→ Data for the task:
_ _ _

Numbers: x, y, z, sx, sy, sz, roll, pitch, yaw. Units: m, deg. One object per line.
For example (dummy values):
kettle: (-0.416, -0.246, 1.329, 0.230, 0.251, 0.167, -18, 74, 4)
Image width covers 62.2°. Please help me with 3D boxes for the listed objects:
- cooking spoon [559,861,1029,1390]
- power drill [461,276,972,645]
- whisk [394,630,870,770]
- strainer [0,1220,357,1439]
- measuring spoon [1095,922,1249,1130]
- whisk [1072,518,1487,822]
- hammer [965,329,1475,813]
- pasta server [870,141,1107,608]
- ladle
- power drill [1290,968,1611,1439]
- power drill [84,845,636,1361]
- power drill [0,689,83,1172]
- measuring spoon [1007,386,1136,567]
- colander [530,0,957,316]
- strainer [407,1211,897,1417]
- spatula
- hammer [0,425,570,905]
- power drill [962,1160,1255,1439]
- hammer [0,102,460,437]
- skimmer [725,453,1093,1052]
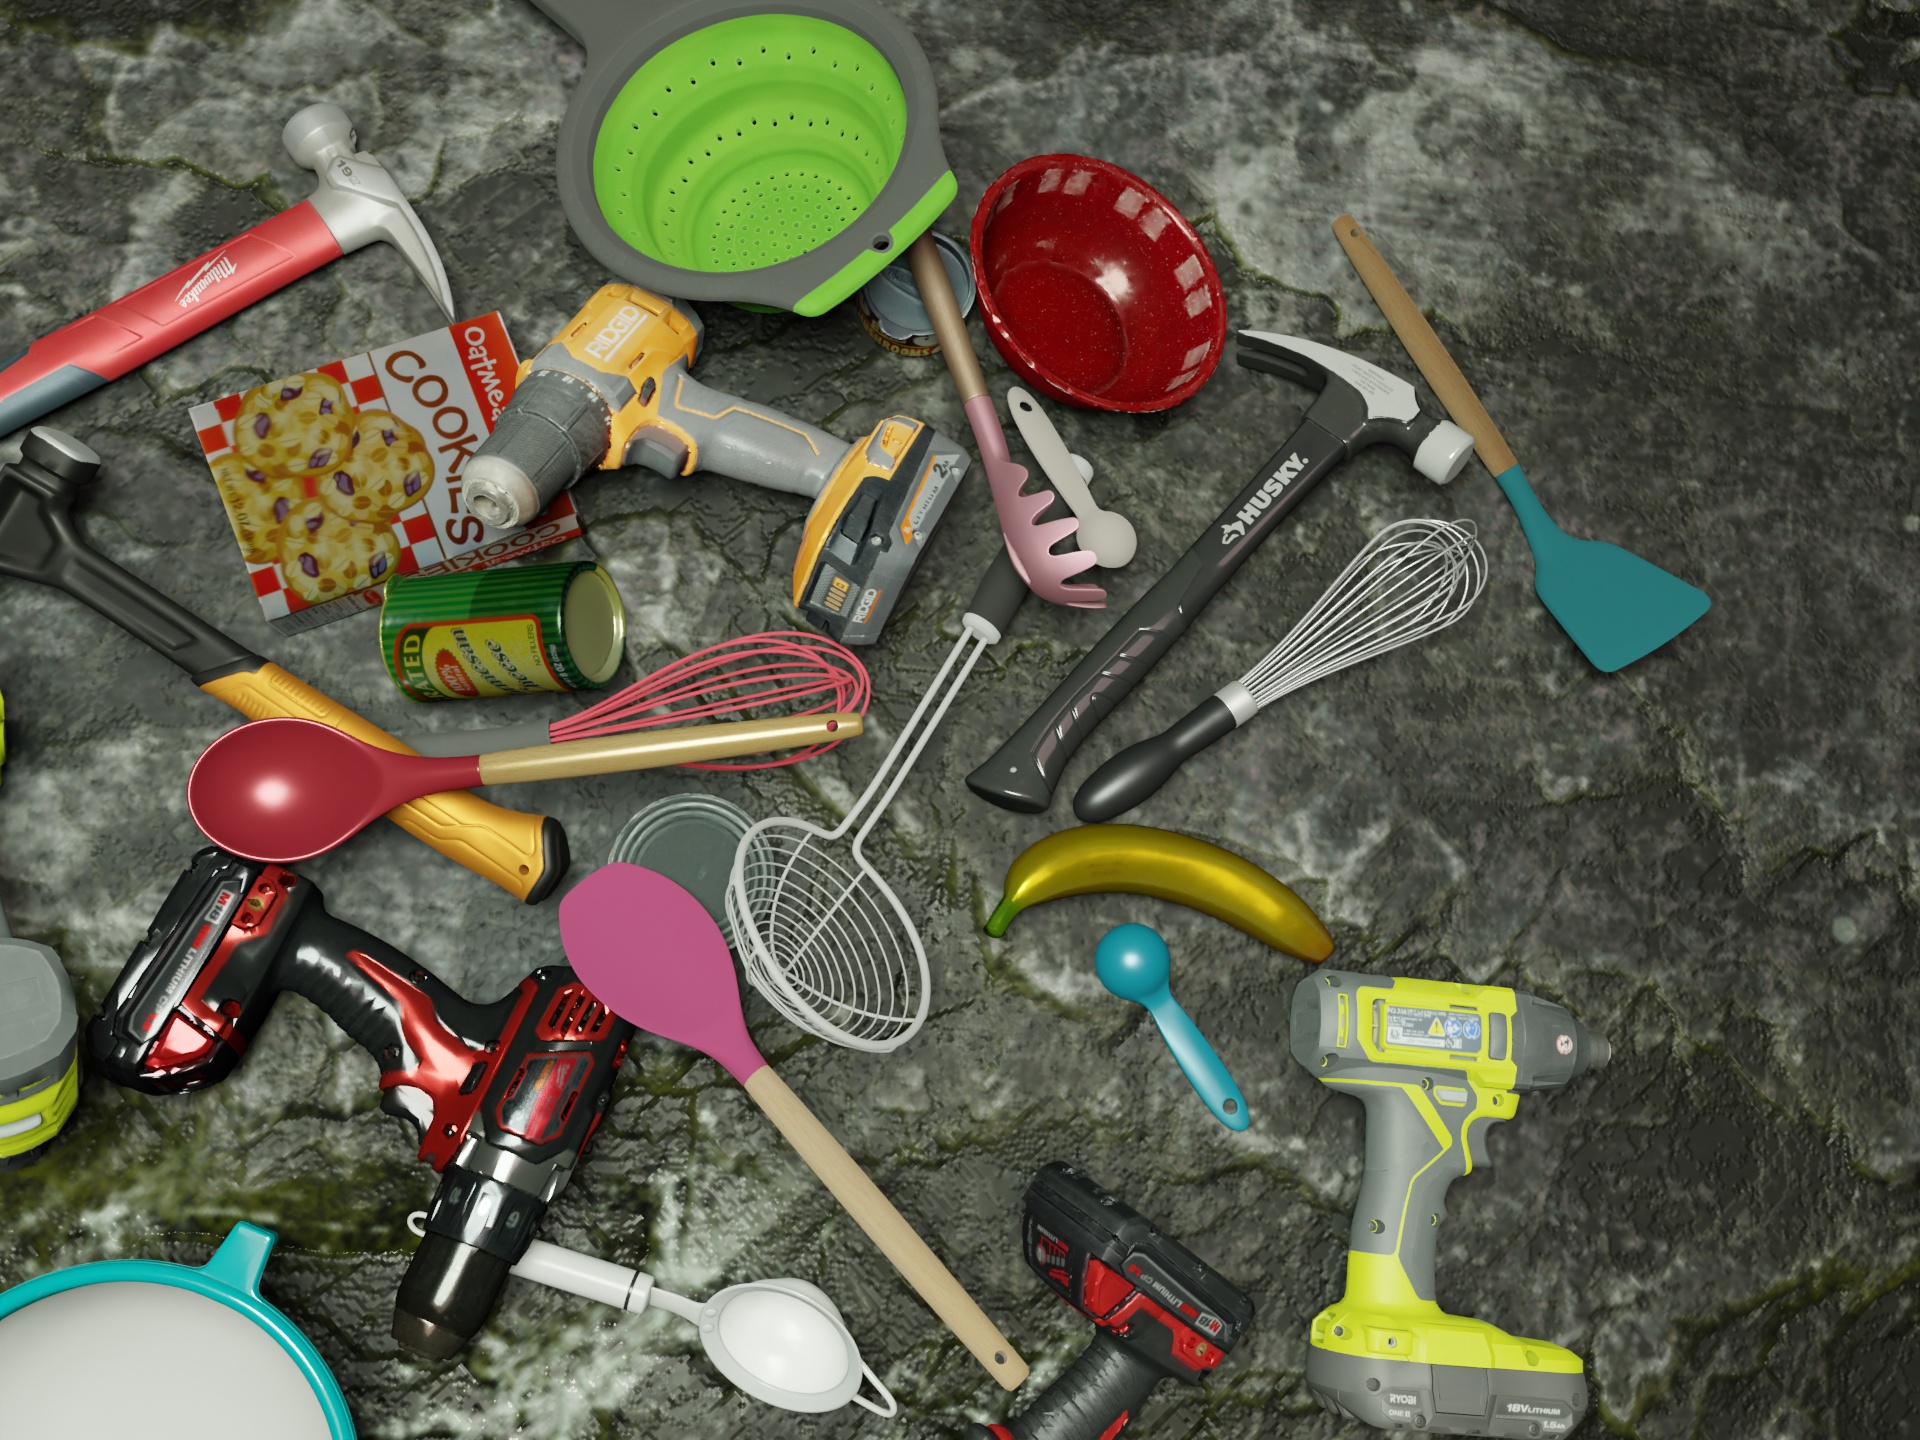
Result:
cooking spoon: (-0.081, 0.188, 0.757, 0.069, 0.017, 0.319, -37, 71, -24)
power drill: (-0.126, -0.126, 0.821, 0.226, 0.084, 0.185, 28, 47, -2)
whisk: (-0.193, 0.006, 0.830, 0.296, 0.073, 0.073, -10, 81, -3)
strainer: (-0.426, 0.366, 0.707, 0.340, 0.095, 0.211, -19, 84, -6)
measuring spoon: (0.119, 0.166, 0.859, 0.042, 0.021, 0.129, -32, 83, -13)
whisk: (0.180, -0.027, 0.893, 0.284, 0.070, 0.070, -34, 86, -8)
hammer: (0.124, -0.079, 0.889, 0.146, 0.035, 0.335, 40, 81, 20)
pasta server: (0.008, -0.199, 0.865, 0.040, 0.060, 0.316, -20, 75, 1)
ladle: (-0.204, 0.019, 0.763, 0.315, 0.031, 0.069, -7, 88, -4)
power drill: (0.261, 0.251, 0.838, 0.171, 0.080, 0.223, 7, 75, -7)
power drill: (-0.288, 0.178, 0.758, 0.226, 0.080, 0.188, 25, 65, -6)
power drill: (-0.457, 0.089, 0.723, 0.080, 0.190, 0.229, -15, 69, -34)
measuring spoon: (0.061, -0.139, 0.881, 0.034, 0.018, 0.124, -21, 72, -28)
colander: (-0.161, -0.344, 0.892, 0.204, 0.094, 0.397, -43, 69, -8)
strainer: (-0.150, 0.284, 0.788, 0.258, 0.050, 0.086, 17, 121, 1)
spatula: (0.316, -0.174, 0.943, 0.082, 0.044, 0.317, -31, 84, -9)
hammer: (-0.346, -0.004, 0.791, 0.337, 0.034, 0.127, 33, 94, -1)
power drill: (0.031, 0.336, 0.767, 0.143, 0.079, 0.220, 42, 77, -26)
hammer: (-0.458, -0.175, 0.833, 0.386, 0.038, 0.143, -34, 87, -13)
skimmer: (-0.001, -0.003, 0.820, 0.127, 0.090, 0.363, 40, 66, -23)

_ _ _

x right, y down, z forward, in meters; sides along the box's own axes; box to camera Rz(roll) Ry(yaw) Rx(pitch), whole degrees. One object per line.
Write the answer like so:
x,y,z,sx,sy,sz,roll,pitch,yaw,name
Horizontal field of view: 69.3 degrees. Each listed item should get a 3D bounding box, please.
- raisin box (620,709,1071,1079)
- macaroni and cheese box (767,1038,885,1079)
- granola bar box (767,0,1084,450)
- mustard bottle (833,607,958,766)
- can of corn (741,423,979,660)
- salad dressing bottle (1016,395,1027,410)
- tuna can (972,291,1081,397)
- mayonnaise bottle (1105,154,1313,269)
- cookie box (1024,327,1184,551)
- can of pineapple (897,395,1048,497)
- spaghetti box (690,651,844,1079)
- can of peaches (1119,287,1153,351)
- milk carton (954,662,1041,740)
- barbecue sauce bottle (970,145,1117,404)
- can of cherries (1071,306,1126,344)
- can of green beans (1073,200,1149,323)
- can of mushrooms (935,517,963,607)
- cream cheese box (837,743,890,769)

_ _ _

Using the data above, extract exactly the lines from the one that holds "Numbers: x, y, z, sx, sy, sz, roll, pitch, yaw." to the one that holds "- skimmer [725,453,1093,1052]", both ends included, and no others.

→ Response to this task:
Numbers: x, y, z, sx, sy, sz, roll, pitch, yaw. Units: m, deg. One object per line.
For example (dummy values):
kettle: (-0.416, -0.246, 1.329, 0.230, 0.251, 0.167, -18, 74, 4)
Image width covers 62.2°. Please help me with 3D boxes for the listed objects:
- cooking spoon [559,861,1029,1390]
- power drill [461,276,972,645]
- whisk [394,630,870,770]
- strainer [0,1220,357,1439]
- measuring spoon [1095,922,1249,1130]
- whisk [1072,518,1487,822]
- hammer [965,329,1475,813]
- pasta server [870,141,1107,608]
- ladle
- power drill [1290,968,1611,1439]
- power drill [84,845,636,1361]
- power drill [0,689,83,1172]
- measuring spoon [1007,386,1136,567]
- colander [530,0,957,316]
- strainer [407,1211,897,1417]
- spatula
- hammer [0,425,570,905]
- power drill [962,1160,1255,1439]
- hammer [0,102,460,437]
- skimmer [725,453,1093,1052]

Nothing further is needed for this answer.